Pictures must be left out. Print the lines from the beginning of the material through the line holding "29. bicycle <box>834,865,888,894</box>", exactly and nothing else.

************

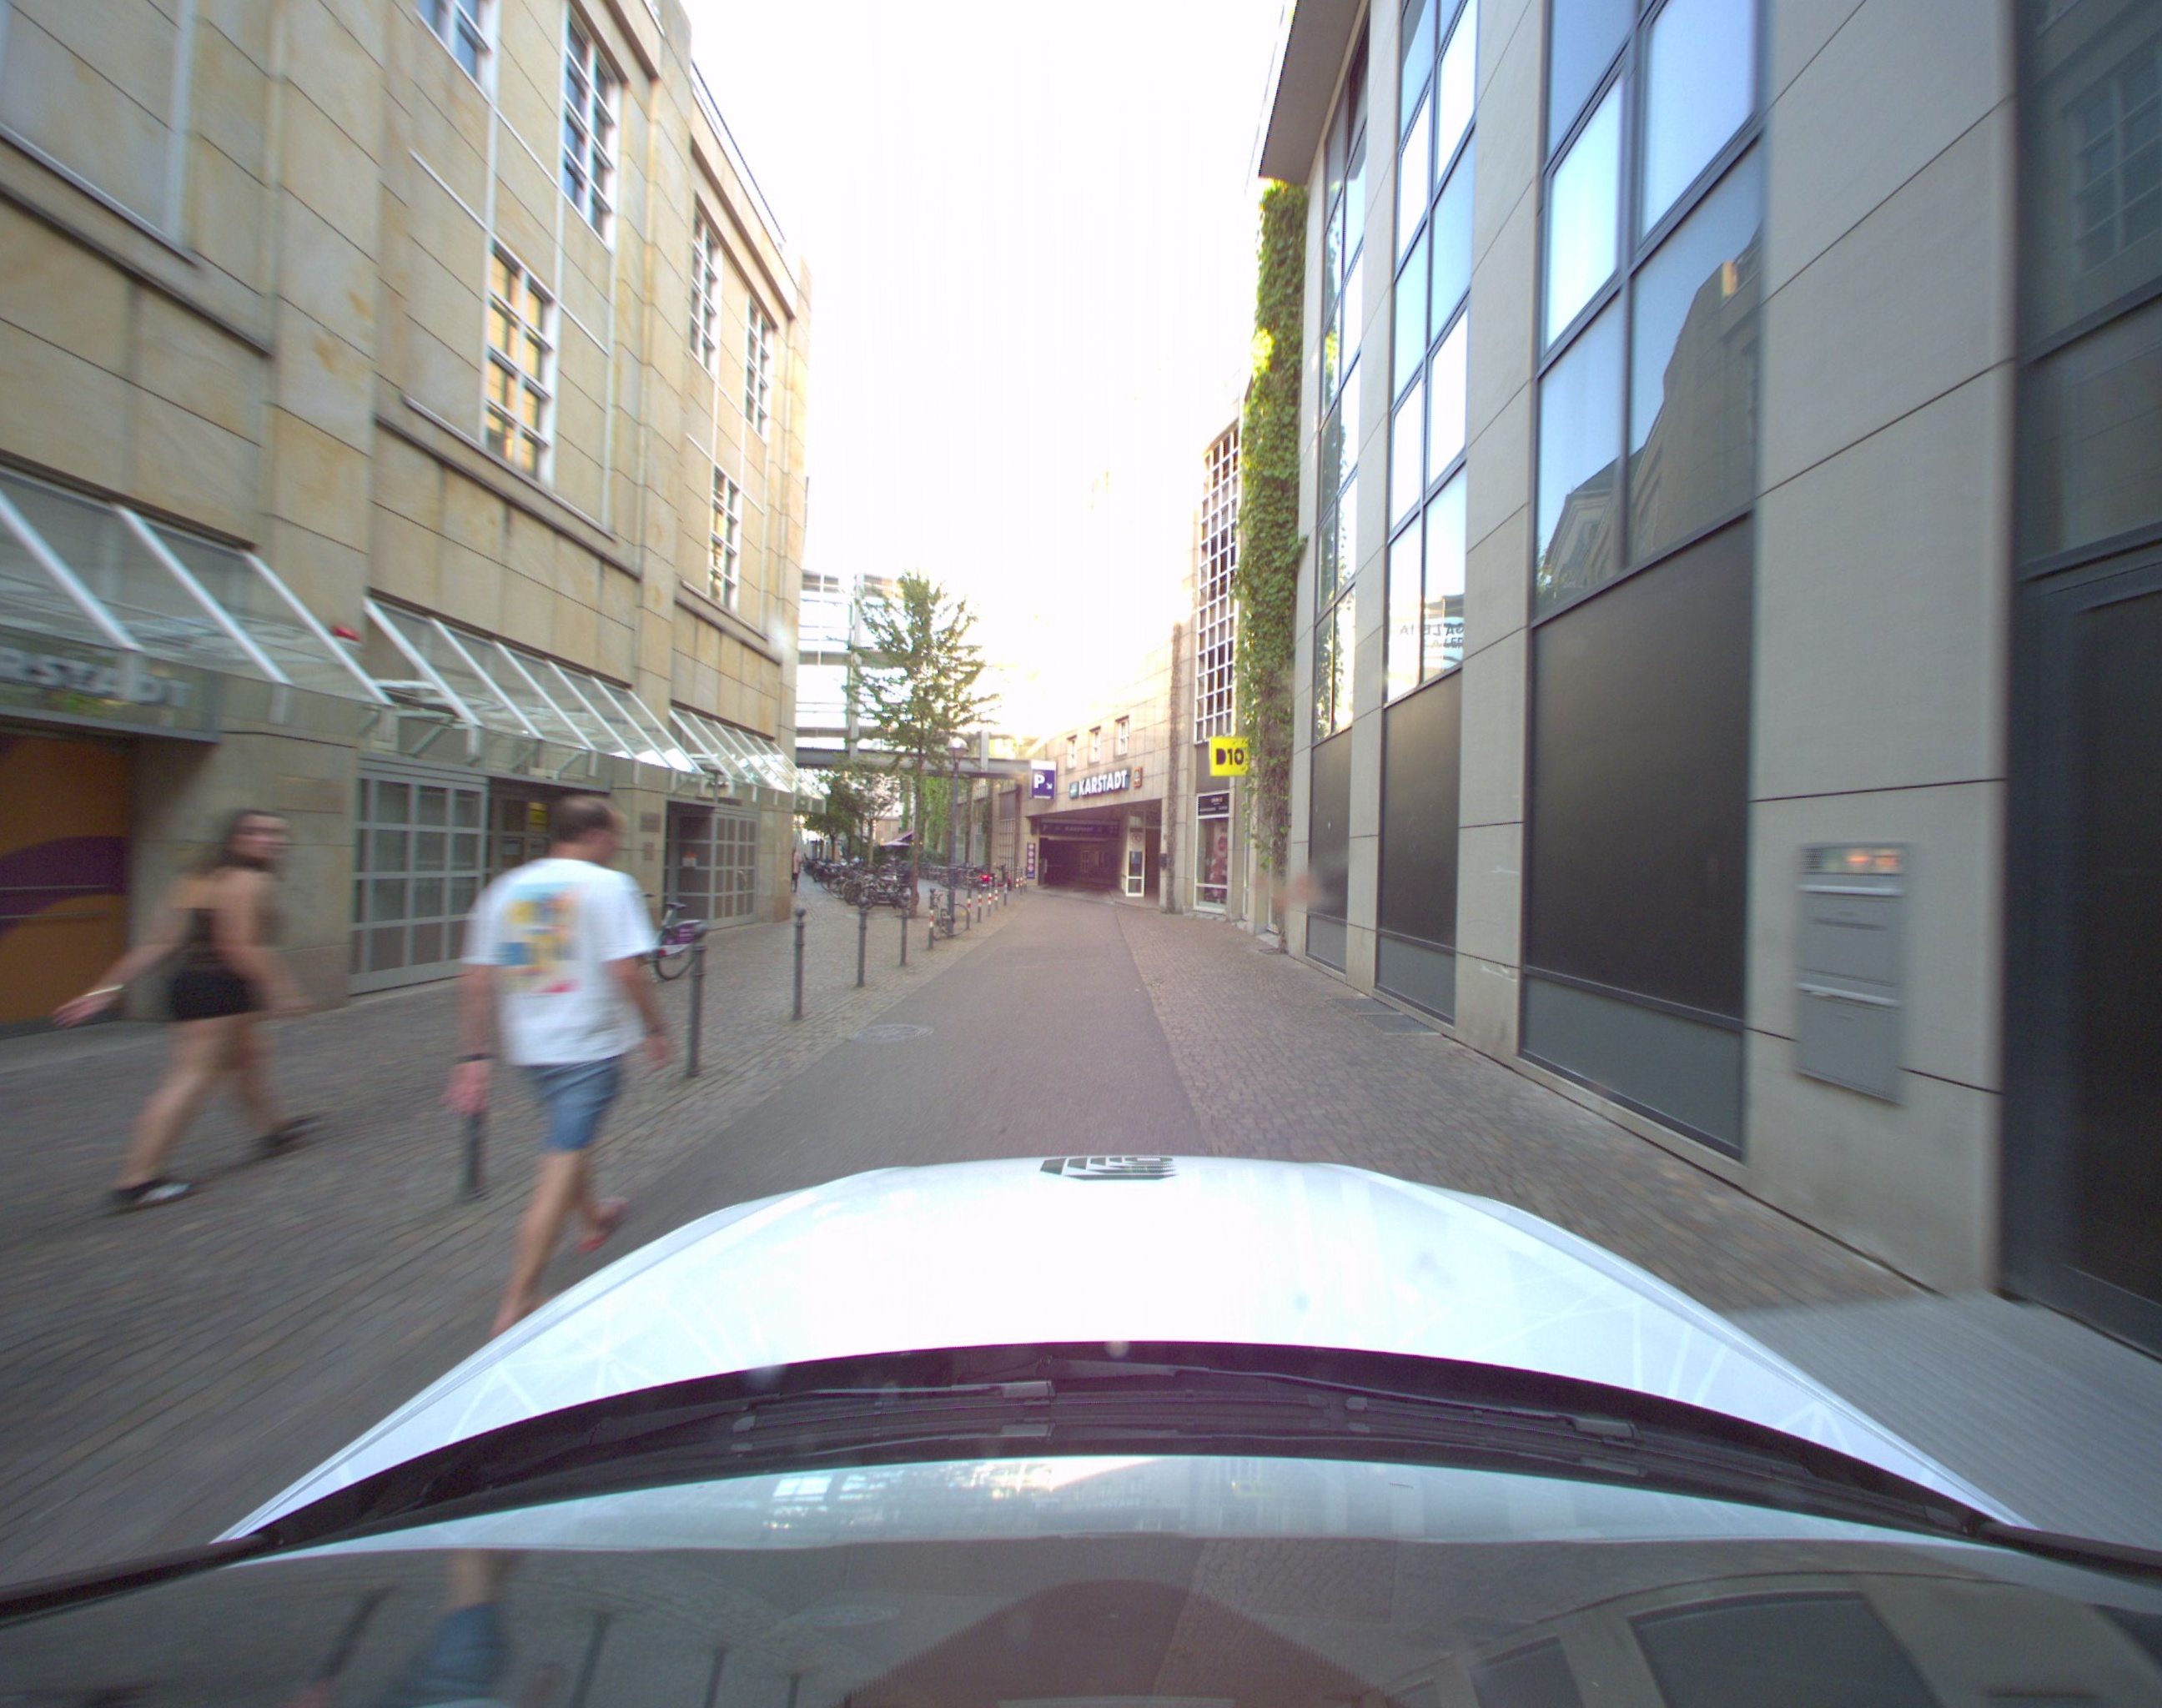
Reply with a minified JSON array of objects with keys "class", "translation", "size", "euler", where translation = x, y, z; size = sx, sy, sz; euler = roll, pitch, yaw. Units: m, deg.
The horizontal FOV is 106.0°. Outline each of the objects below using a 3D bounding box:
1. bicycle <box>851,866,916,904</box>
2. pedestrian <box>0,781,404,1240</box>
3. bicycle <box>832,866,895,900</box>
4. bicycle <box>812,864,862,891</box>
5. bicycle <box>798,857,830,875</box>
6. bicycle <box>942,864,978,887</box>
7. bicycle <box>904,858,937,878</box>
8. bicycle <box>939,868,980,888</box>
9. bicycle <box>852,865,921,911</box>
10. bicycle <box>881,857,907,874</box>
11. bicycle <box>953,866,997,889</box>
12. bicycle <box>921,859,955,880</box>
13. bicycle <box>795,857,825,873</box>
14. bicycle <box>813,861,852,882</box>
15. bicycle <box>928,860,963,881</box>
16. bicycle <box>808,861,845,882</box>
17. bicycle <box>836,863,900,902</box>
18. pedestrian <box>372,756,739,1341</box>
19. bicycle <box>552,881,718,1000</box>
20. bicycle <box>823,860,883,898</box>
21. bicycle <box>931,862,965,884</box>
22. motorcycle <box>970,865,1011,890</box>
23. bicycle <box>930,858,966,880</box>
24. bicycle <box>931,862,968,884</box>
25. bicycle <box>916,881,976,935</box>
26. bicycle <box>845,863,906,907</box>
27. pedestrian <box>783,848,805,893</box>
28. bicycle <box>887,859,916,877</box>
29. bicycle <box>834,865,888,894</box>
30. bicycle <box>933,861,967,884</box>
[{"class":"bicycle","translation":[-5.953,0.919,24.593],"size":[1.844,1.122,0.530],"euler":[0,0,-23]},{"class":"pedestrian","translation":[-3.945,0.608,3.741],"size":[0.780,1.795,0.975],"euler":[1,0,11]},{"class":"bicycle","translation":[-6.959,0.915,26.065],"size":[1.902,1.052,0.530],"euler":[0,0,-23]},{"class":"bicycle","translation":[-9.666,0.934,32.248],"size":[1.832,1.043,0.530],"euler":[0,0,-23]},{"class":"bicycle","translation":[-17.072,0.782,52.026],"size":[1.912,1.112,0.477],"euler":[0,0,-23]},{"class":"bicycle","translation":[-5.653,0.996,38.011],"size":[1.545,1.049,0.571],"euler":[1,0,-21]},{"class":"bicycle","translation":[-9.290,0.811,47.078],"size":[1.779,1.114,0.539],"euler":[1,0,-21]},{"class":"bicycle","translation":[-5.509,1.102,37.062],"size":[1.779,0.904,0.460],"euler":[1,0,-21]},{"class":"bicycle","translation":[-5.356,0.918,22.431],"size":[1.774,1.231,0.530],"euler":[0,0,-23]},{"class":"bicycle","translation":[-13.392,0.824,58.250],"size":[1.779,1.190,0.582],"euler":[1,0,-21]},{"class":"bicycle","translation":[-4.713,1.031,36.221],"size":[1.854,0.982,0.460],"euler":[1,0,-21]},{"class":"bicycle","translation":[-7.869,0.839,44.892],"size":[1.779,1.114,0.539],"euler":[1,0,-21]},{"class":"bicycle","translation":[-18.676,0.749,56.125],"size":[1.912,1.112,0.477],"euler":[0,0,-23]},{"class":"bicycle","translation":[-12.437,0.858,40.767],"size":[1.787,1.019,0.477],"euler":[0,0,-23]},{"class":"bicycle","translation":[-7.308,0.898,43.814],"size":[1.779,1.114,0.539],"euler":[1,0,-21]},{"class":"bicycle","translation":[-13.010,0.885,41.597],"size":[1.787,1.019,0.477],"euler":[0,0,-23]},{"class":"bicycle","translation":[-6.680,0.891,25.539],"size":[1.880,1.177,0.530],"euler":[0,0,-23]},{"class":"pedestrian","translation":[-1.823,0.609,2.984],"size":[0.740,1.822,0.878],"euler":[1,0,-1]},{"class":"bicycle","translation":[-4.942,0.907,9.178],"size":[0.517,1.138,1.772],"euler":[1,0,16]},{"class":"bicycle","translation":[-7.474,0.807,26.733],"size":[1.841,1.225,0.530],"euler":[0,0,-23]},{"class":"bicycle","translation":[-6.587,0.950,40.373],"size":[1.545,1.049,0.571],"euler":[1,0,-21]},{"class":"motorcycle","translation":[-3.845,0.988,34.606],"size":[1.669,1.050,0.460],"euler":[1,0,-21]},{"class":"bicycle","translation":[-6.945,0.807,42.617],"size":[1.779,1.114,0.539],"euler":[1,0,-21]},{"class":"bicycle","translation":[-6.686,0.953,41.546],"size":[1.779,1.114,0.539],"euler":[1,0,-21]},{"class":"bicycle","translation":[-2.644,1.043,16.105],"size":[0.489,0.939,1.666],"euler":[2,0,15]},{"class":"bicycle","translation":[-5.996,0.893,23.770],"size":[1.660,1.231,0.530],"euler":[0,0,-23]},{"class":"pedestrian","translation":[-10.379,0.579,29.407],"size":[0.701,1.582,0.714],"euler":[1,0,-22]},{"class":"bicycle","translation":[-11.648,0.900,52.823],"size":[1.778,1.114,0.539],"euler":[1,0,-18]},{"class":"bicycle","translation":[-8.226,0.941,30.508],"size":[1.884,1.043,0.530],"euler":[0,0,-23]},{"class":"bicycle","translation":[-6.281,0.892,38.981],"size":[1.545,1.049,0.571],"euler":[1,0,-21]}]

************

- [SOLUTION FOR THIS EXERCISE]
Reply with a minified JSON array of objects with keys "class", "translation", "size", "euler", where translation = x, y, z; size = sx, sy, sz; euler = roll, pitch, yaw. Units: m, deg.
The horizontal FOV is 106.0°. Outline each of the objects below using a 3D bounding box:
1. bicycle <box>851,866,916,904</box>
2. pedestrian <box>0,781,404,1240</box>
3. bicycle <box>832,866,895,900</box>
4. bicycle <box>812,864,862,891</box>
5. bicycle <box>798,857,830,875</box>
6. bicycle <box>942,864,978,887</box>
7. bicycle <box>904,858,937,878</box>
8. bicycle <box>939,868,980,888</box>
9. bicycle <box>852,865,921,911</box>
10. bicycle <box>881,857,907,874</box>
11. bicycle <box>953,866,997,889</box>
12. bicycle <box>921,859,955,880</box>
13. bicycle <box>795,857,825,873</box>
14. bicycle <box>813,861,852,882</box>
15. bicycle <box>928,860,963,881</box>
16. bicycle <box>808,861,845,882</box>
17. bicycle <box>836,863,900,902</box>
18. pedestrian <box>372,756,739,1341</box>
19. bicycle <box>552,881,718,1000</box>
20. bicycle <box>823,860,883,898</box>
21. bicycle <box>931,862,965,884</box>
22. motorcycle <box>970,865,1011,890</box>
23. bicycle <box>930,858,966,880</box>
24. bicycle <box>931,862,968,884</box>
25. bicycle <box>916,881,976,935</box>
26. bicycle <box>845,863,906,907</box>
27. pedestrian <box>783,848,805,893</box>
28. bicycle <box>887,859,916,877</box>
29. bicycle <box>834,865,888,894</box>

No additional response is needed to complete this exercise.